This is the thirteenth dialogue of the Ettore Molinario Collection. A dialogue dedicated to that painful, yet conciliatory gesture, which is the tear. On the ragged edge of one of Vali Myers’ most intense portraits, Ed Van Der Elsken and Nan Goldin meet. And by mending the stories of these two extraordinary rebels and the communities in which they lived, I invite you to follow our next appointments.
That gesture tells everything, the vocation to a subjective gaze, extraordinarily autobiographical in revolt, in suffering, in the search for authenticity. And the emblematic gesture is the tear that reinvents and makes unique the portrait of Vali Myers, alias Ann, protagonist of Love on the Left Bank, a revolutionary book by Ed Van Der Elsken, who in the 1950s explores the youth revolt among cafes, pavements, the caves of the existentialist Saint-Germain-des-Prés, in Paris. The story is enlightening: Gerd Sander was very fond of Van Der Elsken’s work; the two had met, Sander had expressed his enthusiasm precisely for that image and without a second thought Van Der Elsken had torn the print from the album which contained it and had offered it to the gallery owner and nephew of the great German photographer.
If Gerd Sander, also a very refined printer of his grandfather’s work, jealously preserved this imperfect image according to the classic criteria of conservation, if Julian Sander presented it at the latest Paris Photo in the exhibition-homage to his father, who passed away the year last, and if today this image is part of a collection that has in its DNA the uprooting from the norm and the exploration of the underground, it is precisely because this image, on the edge of laceration, has the power to tell and bring together many lives.
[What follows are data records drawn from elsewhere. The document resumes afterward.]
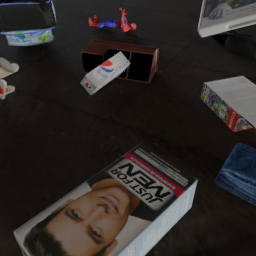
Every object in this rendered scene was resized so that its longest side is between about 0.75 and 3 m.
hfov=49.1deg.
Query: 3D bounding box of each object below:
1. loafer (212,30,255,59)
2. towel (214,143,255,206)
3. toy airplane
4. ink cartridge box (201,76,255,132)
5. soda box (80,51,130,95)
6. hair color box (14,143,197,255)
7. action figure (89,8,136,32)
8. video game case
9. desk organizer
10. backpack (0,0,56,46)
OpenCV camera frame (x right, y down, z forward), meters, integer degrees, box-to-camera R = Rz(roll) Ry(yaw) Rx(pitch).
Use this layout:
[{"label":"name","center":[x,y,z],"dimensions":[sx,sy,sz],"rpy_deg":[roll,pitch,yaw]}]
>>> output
[{"label":"loafer","center":[4.145,-3.201,10.725],"dimensions":[0.870,0.842,2.479],"rpy_deg":[-15,36,-11]},{"label":"towel","center":[3.055,1.112,5.458],"dimensions":[2.403,0.583,1.342],"rpy_deg":[24,44,27]},{"label":"toy airplane","center":[-4.220,-1.584,8.301],"dimensions":[1.738,1.232,1.745],"rpy_deg":[-3,34,-14]},{"label":"ink cartridge box","center":[3.176,-0.484,7.444],"dimensions":[1.348,0.623,2.475],"rpy_deg":[-12,41,-15]},{"label":"soda box","center":[-0.688,-1.730,8.773],"dimensions":[0.525,0.565,1.656],"rpy_deg":[50,56,-4]},{"label":"hair color box","center":[-0.235,1.517,4.736],"dimensions":[1.381,0.846,2.789],"rpy_deg":[32,49,33]},{"label":"action figure","center":[-0.677,-5.100,12.874],"dimensions":[2.320,1.148,0.757],"rpy_deg":[18,43,18]},{"label":"video game case","center":[2.827,-3.269,6.100],"dimensions":[2.343,0.301,2.577],"rpy_deg":[-4,58,35]},{"label":"desk organizer","center":[-0.283,-2.273,9.487],"dimensions":[2.454,0.880,0.945],"rpy_deg":[12,42,15]},{"label":"backpack","center":[-4.038,-4.285,11.167],"dimensions":[2.266,1.819,2.476],"rpy_deg":[-11,30,-12]}]

Of course it is the life of Ed Van Der Elsken and his community living on the sidelines of the law, with which he identifies and grows as an author – «I want to photograph people like me» said the Dutch photographer – and of which he narrates loves, violence, births, sex, disease, pain, illusions, death. And of course thirty years later in this «tribe», as Vali Myers called it, found herself Nan Goldin, soul of The Ballad of the Sexual Dependency, exhibited for the first time in Arles in 1986, she who considered Ed Van Der Elsken «a lover or a brother» at her side in the dive in the Bowery, among the protagonists of the New York underground. In place of Vali, Cookie Mueller, Trixie, Susan and their companions appear. Living, shooting and self portraying is the only rule, and even after moving to Paris, Nan Goldin enters and lives in the happily contested community of Le Carrousel, and in the capital’s most famous cabaret en travesti she portrays her star, Kim Harlow, posing in the dressing room. Again it is a hugging look, a new family, again it is finding yourself at the center because at the margins, again it is courage, freedom. Miracle of the hands that tear, caress, dance, mend.